Cette difficulté a paru si forte à quelques newtoniens, que, pour n’en être pas embarrassés, ils ont pris le parti de borner le principe de l’attraction aux seuls phénomènes célestes, auxquels il s’applique avec une facilité merveilleuse. D’autres ont mieux aimé chercher à la résoudre, que d’admettre des bornes dans un principe dont l’universalité est prouvée par des raisons au moins très-plausibles.

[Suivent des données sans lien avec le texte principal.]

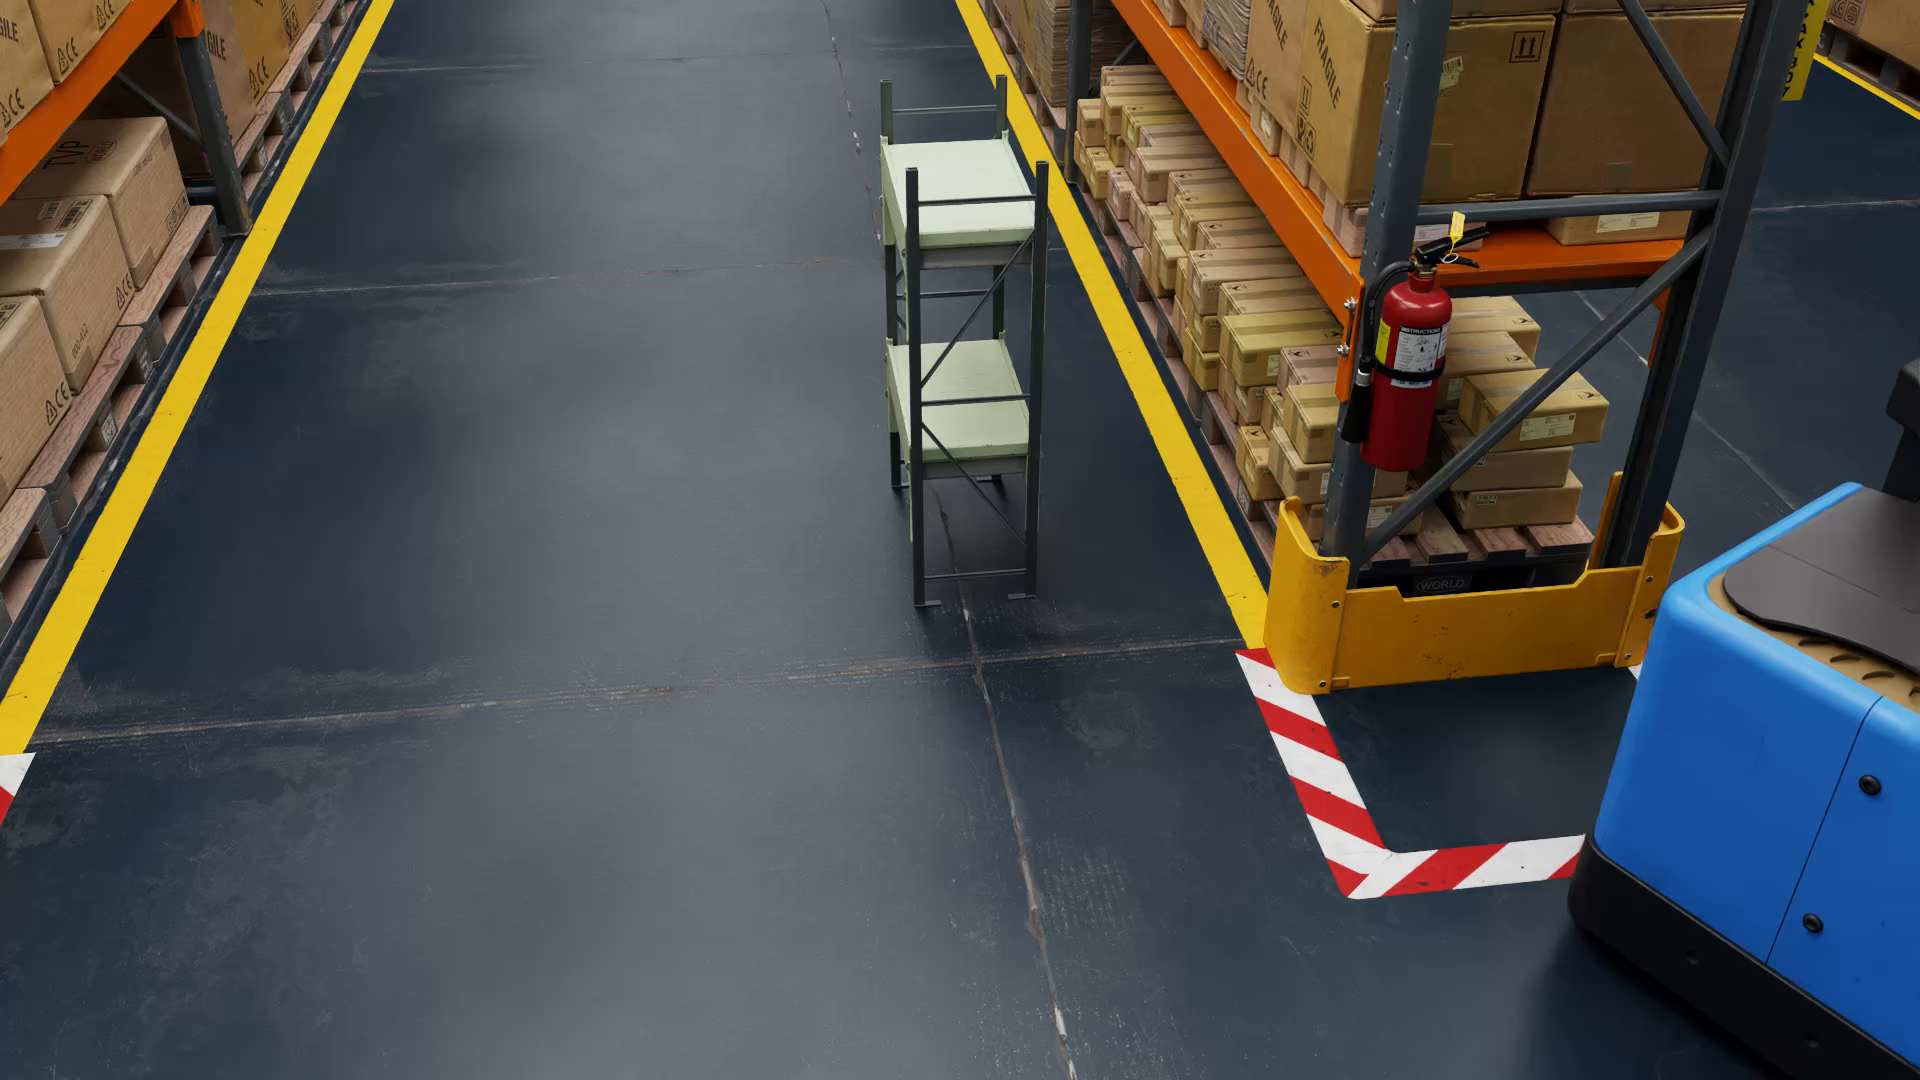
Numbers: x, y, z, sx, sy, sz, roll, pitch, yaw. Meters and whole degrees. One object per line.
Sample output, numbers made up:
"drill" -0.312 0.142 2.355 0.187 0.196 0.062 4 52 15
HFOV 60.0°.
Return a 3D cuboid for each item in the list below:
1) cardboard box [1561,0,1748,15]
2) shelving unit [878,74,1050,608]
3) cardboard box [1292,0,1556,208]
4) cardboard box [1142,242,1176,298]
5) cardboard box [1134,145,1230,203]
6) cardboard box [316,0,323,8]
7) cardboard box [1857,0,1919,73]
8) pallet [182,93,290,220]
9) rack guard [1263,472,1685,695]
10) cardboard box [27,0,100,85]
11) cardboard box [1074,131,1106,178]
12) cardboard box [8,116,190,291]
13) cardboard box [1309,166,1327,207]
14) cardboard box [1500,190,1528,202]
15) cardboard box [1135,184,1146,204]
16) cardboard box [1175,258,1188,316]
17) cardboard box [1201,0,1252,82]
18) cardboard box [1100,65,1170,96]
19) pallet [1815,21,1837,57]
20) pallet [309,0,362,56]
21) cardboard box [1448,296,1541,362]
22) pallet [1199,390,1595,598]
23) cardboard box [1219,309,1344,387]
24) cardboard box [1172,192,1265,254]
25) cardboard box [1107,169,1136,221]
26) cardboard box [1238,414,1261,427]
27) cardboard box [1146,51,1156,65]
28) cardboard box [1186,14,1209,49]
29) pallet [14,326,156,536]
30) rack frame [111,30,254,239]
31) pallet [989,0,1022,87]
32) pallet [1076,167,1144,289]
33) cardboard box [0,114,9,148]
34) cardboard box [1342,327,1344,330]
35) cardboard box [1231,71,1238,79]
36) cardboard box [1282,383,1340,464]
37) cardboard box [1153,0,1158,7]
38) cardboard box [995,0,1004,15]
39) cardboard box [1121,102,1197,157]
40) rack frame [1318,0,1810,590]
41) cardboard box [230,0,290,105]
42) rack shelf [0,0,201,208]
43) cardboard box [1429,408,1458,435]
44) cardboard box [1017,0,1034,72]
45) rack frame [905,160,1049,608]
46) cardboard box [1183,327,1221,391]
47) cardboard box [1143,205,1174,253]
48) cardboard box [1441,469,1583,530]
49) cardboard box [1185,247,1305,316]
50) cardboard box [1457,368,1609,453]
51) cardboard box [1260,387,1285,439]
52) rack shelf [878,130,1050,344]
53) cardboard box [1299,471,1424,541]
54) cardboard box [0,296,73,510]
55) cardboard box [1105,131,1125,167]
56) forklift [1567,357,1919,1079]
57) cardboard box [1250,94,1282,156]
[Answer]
"cardboard box" 1.771 -1.709 4.353 0.500 0.500 0.500 -5 35 -7
"shelving unit" -0.001 -0.623 5.333 0.431 1.500 0.755 -4 35 -6
"cardboard box" 1.252 -1.256 4.577 0.500 0.500 0.500 -4 34 -5
"cardboard box" 0.975 -1.140 6.918 0.380 0.149 0.250 -5 35 -8
"cardboard box" 0.943 -1.539 6.975 0.380 0.149 0.250 -4 34 -5
"cardboard box" -4.389 -3.798 10.173 0.875 0.875 0.875 -5 35 -7
"cardboard box" 5.853 -3.063 9.095 1.225 0.875 0.875 -4 35 -6
"pallet" -4.040 -1.934 8.401 1.003 0.211 1.213 -4 35 -6
"rack guard" 1.558 0.130 5.116 1.175 0.500 0.348 -4 35 -6
"cardboard box" -3.389 -1.897 5.782 0.500 0.500 0.500 -5 35 -7
"cardboard box" 0.761 -1.861 7.976 0.380 0.149 0.250 -6 35 -8
"cardboard box" -3.883 -1.418 7.069 0.875 0.438 0.875 -5 35 -7
"cardboard box" 1.248 -1.059 4.864 0.380 0.149 0.250 -4 35 -6
"cardboard box" 1.774 -1.102 4.926 0.380 0.149 0.250 -3 34 -5
"cardboard box" 0.986 -1.566 7.279 0.380 0.149 0.250 -6 35 -9
"cardboard box" 1.044 -0.974 6.411 0.380 0.149 0.250 -3 34 -4
"cardboard box" 1.111 -1.826 5.413 0.500 0.500 0.500 -4 35 -6
"cardboard box" 0.871 -2.126 7.837 0.380 0.149 0.250 -3 34 -4
"pallet" 5.613 -3.367 10.503 1.003 0.211 1.213 -4 35 -6
"pallet" -4.368 -3.296 10.399 1.003 0.211 1.213 -4 35 -6
"cardboard box" 1.771 -0.715 5.766 0.380 0.149 0.250 -4 35 -7
"pallet" 1.483 -0.207 5.866 1.003 0.211 1.213 -4 35 -6
"cardboard box" 1.108 -0.658 5.682 0.380 0.149 0.250 -5 35 -7
"cardboard box" 1.056 -1.252 6.554 0.380 0.149 0.250 -4 34 -6
"cardboard box" 0.881 -1.578 7.560 0.380 0.149 0.250 -5 35 -7
"cardboard box" 1.205 -0.424 5.867 0.380 0.149 0.250 -5 35 -7
"cardboard box" 1.193 -2.666 8.845 0.500 0.500 0.500 -3 34 -5
"cardboard box" 1.051 -1.929 6.140 0.380 0.149 0.250 -3 34 -5
"pallet" -3.669 -0.397 6.145 1.003 0.211 1.213 -4 35 -6
"rack frame" -3.862 -2.662 6.992 1.000 3.000 0.127 -4 35 -6
"pallet" 0.756 -3.057 10.049 1.003 0.211 1.213 -4 35 -6
"pallet" 1.155 -1.569 7.864 1.003 0.211 1.213 -4 35 -6
"cardboard box" -3.250 -1.326 4.943 0.500 0.500 0.500 -5 35 -7
"cardboard box" 1.208 -0.700 6.008 0.380 0.149 0.250 -5 35 -7
"cardboard box" 1.158 -1.643 5.721 0.380 0.149 0.250 -6 35 -8
"cardboard box" 1.246 -0.378 5.272 0.380 0.149 0.250 -4 34 -6
"cardboard box" 0.940 -2.225 6.575 0.380 0.149 0.250 -4 34 -5
"cardboard box" 0.479 -3.485 10.047 0.500 0.500 0.500 -5 35 -8
"cardboard box" 0.932 -1.831 7.403 0.380 0.149 0.250 -5 35 -7
"rack frame" 1.568 -0.861 4.350 1.000 3.000 0.127 -4 35 -6
"cardboard box" -4.153 -2.801 8.710 0.875 0.875 0.875 -3 34 -5
"rack shelf" -3.593 -1.248 5.557 1.077 0.370 4.000 -4 35 -6
"cardboard box" 1.771 -0.448 5.638 0.380 0.149 0.250 -5 35 -7
"cardboard box" 0.612 -2.914 9.209 0.500 0.500 0.500 -5 35 -8
"rack frame" 0.048 -0.419 5.033 0.400 1.500 0.023 -4 35 -6
"cardboard box" 1.063 -0.698 6.270 0.380 0.149 0.250 -6 35 -9
"cardboard box" 0.971 -1.265 6.838 0.380 0.149 0.250 -5 35 -7
"cardboard box" 1.815 -0.173 5.499 0.380 0.149 0.250 -4 34 -5
"cardboard box" 1.045 -0.953 6.115 0.380 0.149 0.250 -3 34 -5
"cardboard box" 1.834 -0.420 5.333 0.380 0.149 0.250 -6 35 -9
"cardboard box" 1.232 -0.402 5.571 0.380 0.149 0.250 -5 35 -7
"rack shelf" -0.001 -0.946 5.113 0.431 0.370 0.720 -4 35 -6
"cardboard box" 1.290 -0.134 5.442 0.380 0.149 0.250 -4 34 -6
"cardboard box" -3.643 -0.415 5.598 0.875 0.438 0.875 -3 34 -5
"cardboard box" 0.885 -1.850 7.696 0.380 0.149 0.250 -4 34 -6
"forklift" 3.040 -0.491 3.868 3.031 2.935 1.130 -23 40 -29
"cardboard box" 1.142 -1.339 5.274 0.380 0.149 0.250 -3 34 -5

Dans cette vue quelques-uns ont cru que la loi générale de l’attraction pouvait n’être pas celle de la raison inverse du carré, mais celle de la raison inverse du carré plus la raison inverse du cube, ou même de quelque fonction ou puissance plus élevée que le cube. Mais outre que cette idée n’est qu’une supposition entièrement dénuée de preuves ; outre qu’une pareille loi présente une complication de termes embarrassante et même un peu bizarre, il est certain qu’elle ne s’accorderait ni avec les phénomènes de la pesanteur, comme il est aisé de le voir, ni même avec ceux des cohésions, comme nous le ferons bientôt remarquer.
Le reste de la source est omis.